* [THE TASK]
Reply with one number: the count of lines in the data that hold the string "legend".

* [SOURCE DATA]
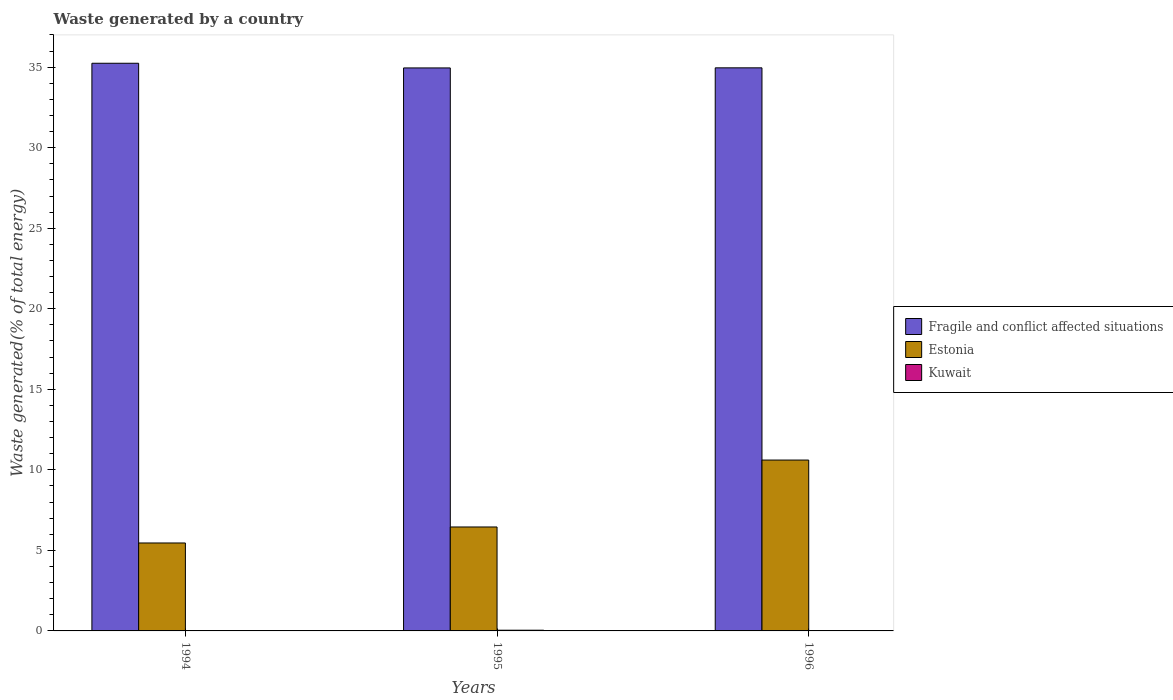Are the number of bars on each tick of the X-axis equal?
Offer a terse response. Yes. In how many cases, is the number of bars for a given year not equal to the number of legend labels?
Give a very brief answer. 0. What is the total waste generated in Fragile and conflict affected situations in 1994?
Your response must be concise. 35.24. Across all years, what is the maximum total waste generated in Fragile and conflict affected situations?
Offer a terse response. 35.24. Across all years, what is the minimum total waste generated in Fragile and conflict affected situations?
Ensure brevity in your answer.  34.95. In which year was the total waste generated in Kuwait minimum?
Your response must be concise. 1994. What is the total total waste generated in Fragile and conflict affected situations in the graph?
Provide a succinct answer. 105.15. What is the difference between the total waste generated in Fragile and conflict affected situations in 1995 and that in 1996?
Keep it short and to the point. -0.01. What is the difference between the total waste generated in Fragile and conflict affected situations in 1996 and the total waste generated in Kuwait in 1994?
Your answer should be compact. 34.94. What is the average total waste generated in Fragile and conflict affected situations per year?
Offer a very short reply. 35.05. In the year 1996, what is the difference between the total waste generated in Estonia and total waste generated in Kuwait?
Provide a short and direct response. 10.58. In how many years, is the total waste generated in Fragile and conflict affected situations greater than 31 %?
Your response must be concise. 3. What is the ratio of the total waste generated in Estonia in 1994 to that in 1996?
Give a very brief answer. 0.51. What is the difference between the highest and the second highest total waste generated in Kuwait?
Offer a very short reply. 0.02. What is the difference between the highest and the lowest total waste generated in Kuwait?
Your answer should be compact. 0.03. In how many years, is the total waste generated in Kuwait greater than the average total waste generated in Kuwait taken over all years?
Your answer should be very brief. 1. What does the 3rd bar from the left in 1996 represents?
Your answer should be compact. Kuwait. What does the 2nd bar from the right in 1996 represents?
Give a very brief answer. Estonia. How many years are there in the graph?
Your answer should be compact. 3. Are the values on the major ticks of Y-axis written in scientific E-notation?
Your answer should be very brief. No. Does the graph contain any zero values?
Offer a very short reply. No. Does the graph contain grids?
Your answer should be compact. No. How many legend labels are there?
Give a very brief answer. 3. What is the title of the graph?
Ensure brevity in your answer.  Waste generated by a country. What is the label or title of the Y-axis?
Make the answer very short. Waste generated(% of total energy). What is the Waste generated(% of total energy) of Fragile and conflict affected situations in 1994?
Give a very brief answer. 35.24. What is the Waste generated(% of total energy) of Estonia in 1994?
Make the answer very short. 5.46. What is the Waste generated(% of total energy) of Kuwait in 1994?
Give a very brief answer. 0.02. What is the Waste generated(% of total energy) in Fragile and conflict affected situations in 1995?
Ensure brevity in your answer.  34.95. What is the Waste generated(% of total energy) of Estonia in 1995?
Your response must be concise. 6.45. What is the Waste generated(% of total energy) in Kuwait in 1995?
Give a very brief answer. 0.04. What is the Waste generated(% of total energy) in Fragile and conflict affected situations in 1996?
Offer a very short reply. 34.96. What is the Waste generated(% of total energy) of Estonia in 1996?
Ensure brevity in your answer.  10.61. What is the Waste generated(% of total energy) in Kuwait in 1996?
Make the answer very short. 0.03. Across all years, what is the maximum Waste generated(% of total energy) of Fragile and conflict affected situations?
Offer a terse response. 35.24. Across all years, what is the maximum Waste generated(% of total energy) of Estonia?
Your response must be concise. 10.61. Across all years, what is the maximum Waste generated(% of total energy) of Kuwait?
Your response must be concise. 0.04. Across all years, what is the minimum Waste generated(% of total energy) in Fragile and conflict affected situations?
Provide a short and direct response. 34.95. Across all years, what is the minimum Waste generated(% of total energy) of Estonia?
Offer a very short reply. 5.46. Across all years, what is the minimum Waste generated(% of total energy) of Kuwait?
Offer a very short reply. 0.02. What is the total Waste generated(% of total energy) of Fragile and conflict affected situations in the graph?
Keep it short and to the point. 105.15. What is the total Waste generated(% of total energy) in Estonia in the graph?
Your answer should be very brief. 22.52. What is the total Waste generated(% of total energy) in Kuwait in the graph?
Offer a very short reply. 0.08. What is the difference between the Waste generated(% of total energy) in Fragile and conflict affected situations in 1994 and that in 1995?
Provide a succinct answer. 0.29. What is the difference between the Waste generated(% of total energy) in Estonia in 1994 and that in 1995?
Provide a short and direct response. -0.99. What is the difference between the Waste generated(% of total energy) of Kuwait in 1994 and that in 1995?
Ensure brevity in your answer.  -0.03. What is the difference between the Waste generated(% of total energy) of Fragile and conflict affected situations in 1994 and that in 1996?
Provide a succinct answer. 0.28. What is the difference between the Waste generated(% of total energy) in Estonia in 1994 and that in 1996?
Your answer should be compact. -5.15. What is the difference between the Waste generated(% of total energy) of Kuwait in 1994 and that in 1996?
Offer a terse response. -0.01. What is the difference between the Waste generated(% of total energy) of Fragile and conflict affected situations in 1995 and that in 1996?
Your answer should be very brief. -0.01. What is the difference between the Waste generated(% of total energy) in Estonia in 1995 and that in 1996?
Give a very brief answer. -4.15. What is the difference between the Waste generated(% of total energy) in Kuwait in 1995 and that in 1996?
Offer a very short reply. 0.02. What is the difference between the Waste generated(% of total energy) in Fragile and conflict affected situations in 1994 and the Waste generated(% of total energy) in Estonia in 1995?
Provide a short and direct response. 28.79. What is the difference between the Waste generated(% of total energy) of Fragile and conflict affected situations in 1994 and the Waste generated(% of total energy) of Kuwait in 1995?
Keep it short and to the point. 35.2. What is the difference between the Waste generated(% of total energy) in Estonia in 1994 and the Waste generated(% of total energy) in Kuwait in 1995?
Your response must be concise. 5.42. What is the difference between the Waste generated(% of total energy) in Fragile and conflict affected situations in 1994 and the Waste generated(% of total energy) in Estonia in 1996?
Your response must be concise. 24.63. What is the difference between the Waste generated(% of total energy) of Fragile and conflict affected situations in 1994 and the Waste generated(% of total energy) of Kuwait in 1996?
Your answer should be compact. 35.22. What is the difference between the Waste generated(% of total energy) of Estonia in 1994 and the Waste generated(% of total energy) of Kuwait in 1996?
Provide a short and direct response. 5.43. What is the difference between the Waste generated(% of total energy) in Fragile and conflict affected situations in 1995 and the Waste generated(% of total energy) in Estonia in 1996?
Give a very brief answer. 24.34. What is the difference between the Waste generated(% of total energy) of Fragile and conflict affected situations in 1995 and the Waste generated(% of total energy) of Kuwait in 1996?
Your answer should be compact. 34.93. What is the difference between the Waste generated(% of total energy) of Estonia in 1995 and the Waste generated(% of total energy) of Kuwait in 1996?
Ensure brevity in your answer.  6.43. What is the average Waste generated(% of total energy) in Fragile and conflict affected situations per year?
Your answer should be compact. 35.05. What is the average Waste generated(% of total energy) of Estonia per year?
Your answer should be compact. 7.51. What is the average Waste generated(% of total energy) of Kuwait per year?
Your answer should be very brief. 0.03. In the year 1994, what is the difference between the Waste generated(% of total energy) of Fragile and conflict affected situations and Waste generated(% of total energy) of Estonia?
Offer a terse response. 29.78. In the year 1994, what is the difference between the Waste generated(% of total energy) in Fragile and conflict affected situations and Waste generated(% of total energy) in Kuwait?
Provide a short and direct response. 35.23. In the year 1994, what is the difference between the Waste generated(% of total energy) of Estonia and Waste generated(% of total energy) of Kuwait?
Provide a succinct answer. 5.44. In the year 1995, what is the difference between the Waste generated(% of total energy) in Fragile and conflict affected situations and Waste generated(% of total energy) in Estonia?
Provide a short and direct response. 28.5. In the year 1995, what is the difference between the Waste generated(% of total energy) in Fragile and conflict affected situations and Waste generated(% of total energy) in Kuwait?
Provide a succinct answer. 34.91. In the year 1995, what is the difference between the Waste generated(% of total energy) in Estonia and Waste generated(% of total energy) in Kuwait?
Provide a succinct answer. 6.41. In the year 1996, what is the difference between the Waste generated(% of total energy) of Fragile and conflict affected situations and Waste generated(% of total energy) of Estonia?
Offer a terse response. 24.35. In the year 1996, what is the difference between the Waste generated(% of total energy) in Fragile and conflict affected situations and Waste generated(% of total energy) in Kuwait?
Offer a terse response. 34.93. In the year 1996, what is the difference between the Waste generated(% of total energy) of Estonia and Waste generated(% of total energy) of Kuwait?
Your answer should be compact. 10.58. What is the ratio of the Waste generated(% of total energy) in Fragile and conflict affected situations in 1994 to that in 1995?
Ensure brevity in your answer.  1.01. What is the ratio of the Waste generated(% of total energy) of Estonia in 1994 to that in 1995?
Make the answer very short. 0.85. What is the ratio of the Waste generated(% of total energy) of Kuwait in 1994 to that in 1995?
Your answer should be compact. 0.34. What is the ratio of the Waste generated(% of total energy) of Estonia in 1994 to that in 1996?
Your answer should be compact. 0.51. What is the ratio of the Waste generated(% of total energy) in Kuwait in 1994 to that in 1996?
Offer a terse response. 0.61. What is the ratio of the Waste generated(% of total energy) of Fragile and conflict affected situations in 1995 to that in 1996?
Your answer should be compact. 1. What is the ratio of the Waste generated(% of total energy) in Estonia in 1995 to that in 1996?
Keep it short and to the point. 0.61. What is the ratio of the Waste generated(% of total energy) of Kuwait in 1995 to that in 1996?
Offer a terse response. 1.77. What is the difference between the highest and the second highest Waste generated(% of total energy) in Fragile and conflict affected situations?
Ensure brevity in your answer.  0.28. What is the difference between the highest and the second highest Waste generated(% of total energy) of Estonia?
Your response must be concise. 4.15. What is the difference between the highest and the second highest Waste generated(% of total energy) in Kuwait?
Offer a very short reply. 0.02. What is the difference between the highest and the lowest Waste generated(% of total energy) in Fragile and conflict affected situations?
Ensure brevity in your answer.  0.29. What is the difference between the highest and the lowest Waste generated(% of total energy) in Estonia?
Offer a terse response. 5.15. What is the difference between the highest and the lowest Waste generated(% of total energy) of Kuwait?
Offer a terse response. 0.03.

* [EXERCISE RESPONSE]
2